Kinkler v. Junica

19 S.W. 359, 84 Tex. 116, 1892 Tex. LEXIS 902
CourtTexas Supreme Court
DecidedMarch 22, 1892
DocketNo. 3250.
StatusPublished
Cited by28 cases

This text of 19 S.W. 359 (Kinkler v. Junica) is published on Counsel Stack Legal Research, covering Texas Supreme Court primary law. Counsel Stack provides free access to over 12 million legal documents including statutes, case law, regulations, and constitutions.

Bluebook
Kinkler v. Junica, 19 S.W. 359, 84 Tex. 116, 1892 Tex. LEXIS 902 (Tex. 1892).

Opinion

GARRETT, Presiding Judge,

Section B. — Frank Junica brought this suit against appellants and others, as directors of the Fayette County Alliance Co-operative Association, a private corporation formed *118 under the general incorporation law of the State, for personal recovery of them for certain deposits of money which he alleged he had been induced to make with said association by the false and fraudulent statements and representations of the defendants as to its solvency, and which had been lost by reason of the insolvency of said association.

Defendants pleaded a general demurrer, general denial, and especially denied that they had ever in any manner deceived the plaintiff or made any representations as to the solvency of said corporation; either to him or to the public, or that they had ever solicited loans or deposits from plaintiff or the public.
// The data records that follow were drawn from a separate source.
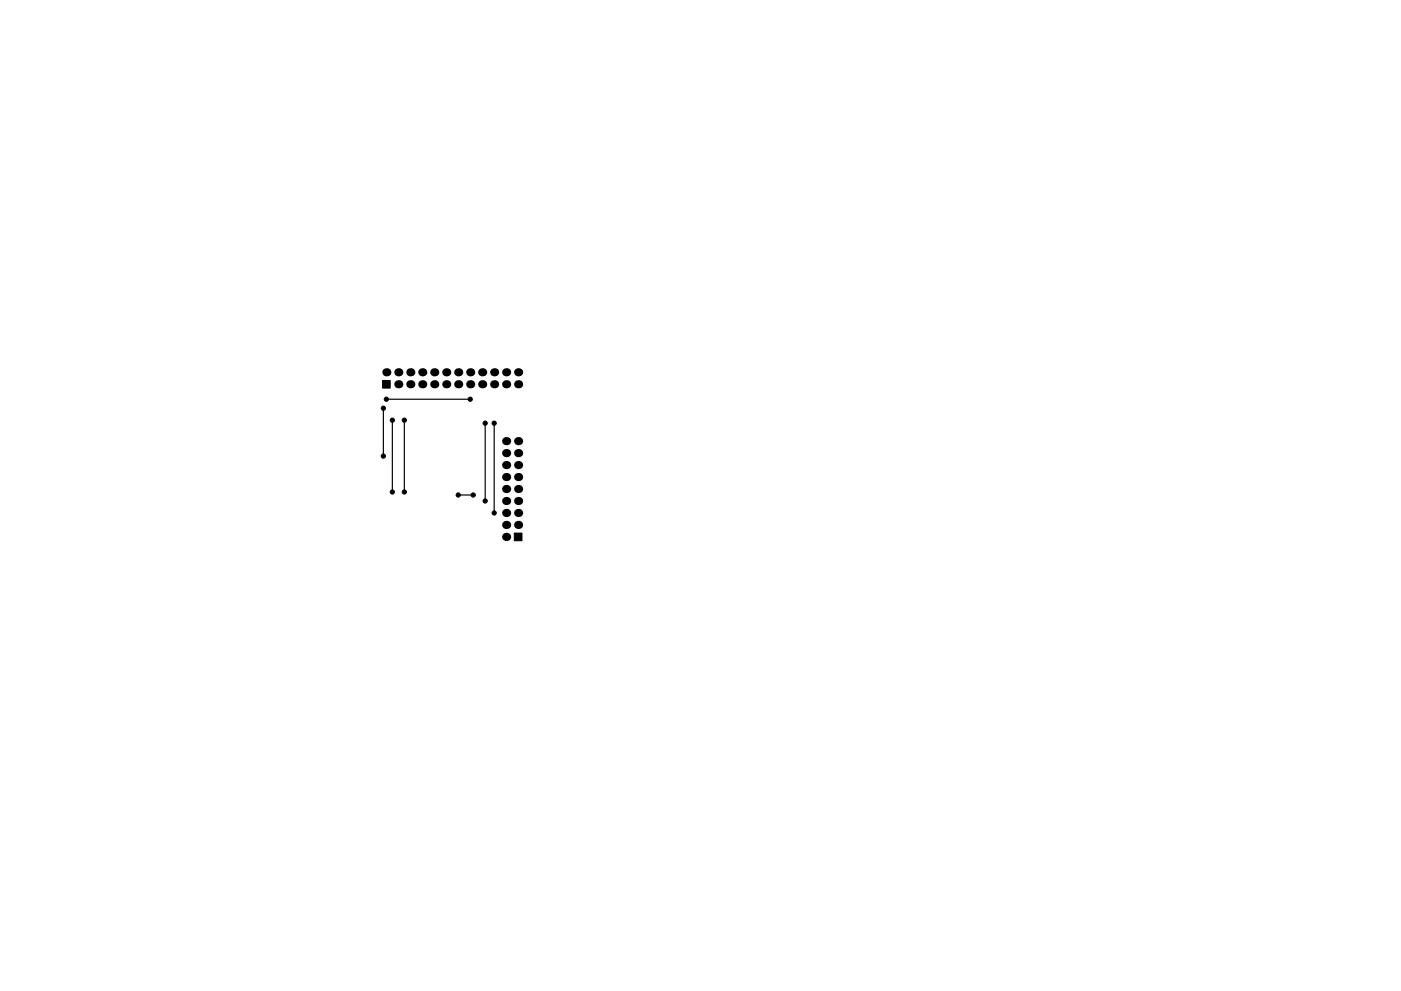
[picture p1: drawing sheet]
<svg xmlns="http://www.w3.org/2000/svg" width="297mm" height="210mm" viewBox="0 0 297 210" stroke-linecap="round" stroke-linejoin="round" font-family="sans-serif">
<g fill="#000" stroke="#000" stroke-width=".21">
<path d="M81.1 80.7h1.6v1.6h-1.6zM109 113.1h1.7v1.6h-1.7z"/>
<circle cx="81.3" cy="96.8" r=".45"/>
<circle cx="81.3" cy="86.6" r=".45"/>
<circle cx="81.9" cy="84.7" r=".45"/>
<circle cx="83.2" cy="89.1" r=".45"/>
<circle cx="85.7" cy="89.1" r=".45"/>
<circle cx="99.7" cy="84.7" r=".45"/>
<circle cx="102.9" cy="89.8" r=".45"/>
<circle cx="104.8" cy="89.8" r=".45"/>
<circle cx="83.2" cy="104.4" r=".45"/>
<circle cx="85.7" cy="104.4" r=".45"/>
<circle cx="97.2" cy="105" r=".45"/>
<circle cx="100.3" cy="105" r=".45"/>
<circle cx="102.9" cy="106.3" r=".45"/>
<circle cx="104.8" cy="108.8" r=".45"/>
</g>
<g fill="#000">
<circle cx="81.9" cy="79" r=".86"/>
<circle cx="84.5" cy="79" r=".86"/>
<circle cx="87" cy="79" r=".86"/>
<circle cx="89.5" cy="79" r=".86"/>
<circle cx="92.1" cy="79" r=".86"/>
<circle cx="94.6" cy="79" r=".86"/>
<circle cx="97.2" cy="79" r=".86"/>
<circle cx="99.7" cy="79" r=".86"/>
<circle cx="102.2" cy="79" r=".86"/>
<circle cx="104.8" cy="79" r=".86"/>
<circle cx="107.3" cy="79" r=".86"/>
<circle cx="109.9" cy="79" r=".86"/>
<circle cx="84.5" cy="81.5" r=".86"/>
<circle cx="87" cy="81.5" r=".86"/>
<circle cx="89.5" cy="81.5" r=".86"/>
<circle cx="92.1" cy="81.5" r=".86"/>
<circle cx="94.6" cy="81.5" r=".86"/>
<circle cx="97.2" cy="81.5" r=".86"/>
<circle cx="99.7" cy="81.5" r=".86"/>
<circle cx="102.2" cy="81.5" r=".86"/>
<circle cx="104.8" cy="81.5" r=".86"/>
<circle cx="107.3" cy="98.7" r=".86"/>
<circle cx="107.3" cy="93.6" r=".86"/>
<circle cx="107.3" cy="96.1" r=".86"/>
<circle cx="107.3" cy="81.5" r=".86"/>
<circle cx="109.9" cy="81.5" r=".86"/>
<circle cx="109.9" cy="98.7" r=".86"/>
<circle cx="109.9" cy="93.6" r=".86"/>
<circle cx="109.9" cy="96.1" r=".86"/>
<circle cx="107.3" cy="113.9" r=".86"/>
<circle cx="107.3" cy="106.3" r=".86"/>
<circle cx="107.3" cy="103.8" r=".86"/>
<circle cx="107.3" cy="111.4" r=".86"/>
<circle cx="107.3" cy="108.8" r=".86"/>
<circle cx="107.3" cy="101.2" r=".86"/>
<circle cx="109.9" cy="111.4" r=".86"/>
<circle cx="109.9" cy="106.3" r=".86"/>
<circle cx="109.9" cy="103.8" r=".86"/>
<circle cx="109.9" cy="101.2" r=".86"/>
<circle cx="109.9" cy="108.8" r=".86"/>
</g>
<path d="M81.3 86.6v10.2M81.9 84.7h17.8M83.2 89.1v15.3M85.7 89.1v15.3M102.9 89.8v16.5M104.8 89.8v19M97.2 105h3.1" fill="none" stroke="#000" stroke-width=".25"/>
</svg>

They averred, that at the date of the alleged deposits and for a long time prior thereto plaintiff was a member of the association and had the right to inspect all the books, in which its true condition could have been discovered.

On December 4,1890, the case was tried by a jury, and resulted in a verdict and judgment against four of the defendants, who have appealed.

The association was incorporated December 10, 1887, “for the purchase and sale of agricultural and farm products, goods, wares, and merchandise, and owning and managing a mercantile establishment upon a co-operative plan of buying and selling such real estate and other property as may be necessary to promote the object.of its creation, and of transacting any and all kinds of business incident or appertaining thereto, for the mutual profit and benefit of its stockholders, who are members of the Farmers Alliance.” The by-laws gave the directors “charge of all the property of the association and the general supervision of the business,” with power to appoint a manager and to employ salesmen, subject to approval of the association. They provided, that the directors should, as often as they deemed necessary, examine all the books, accounts, and papers of the association, or those connected with the same, its officers, agents, and employes, and report to the association at its regular meetings. The directors were authorized “to receive on deposit such sums of money as may be offered to the association for its use by members of the alliance, not to exceed $500 from one depositor, nor for a shorter time than one year, on such terms as may be agreed upon; provided a higher rate of interest than 10 per cent shall not be given.”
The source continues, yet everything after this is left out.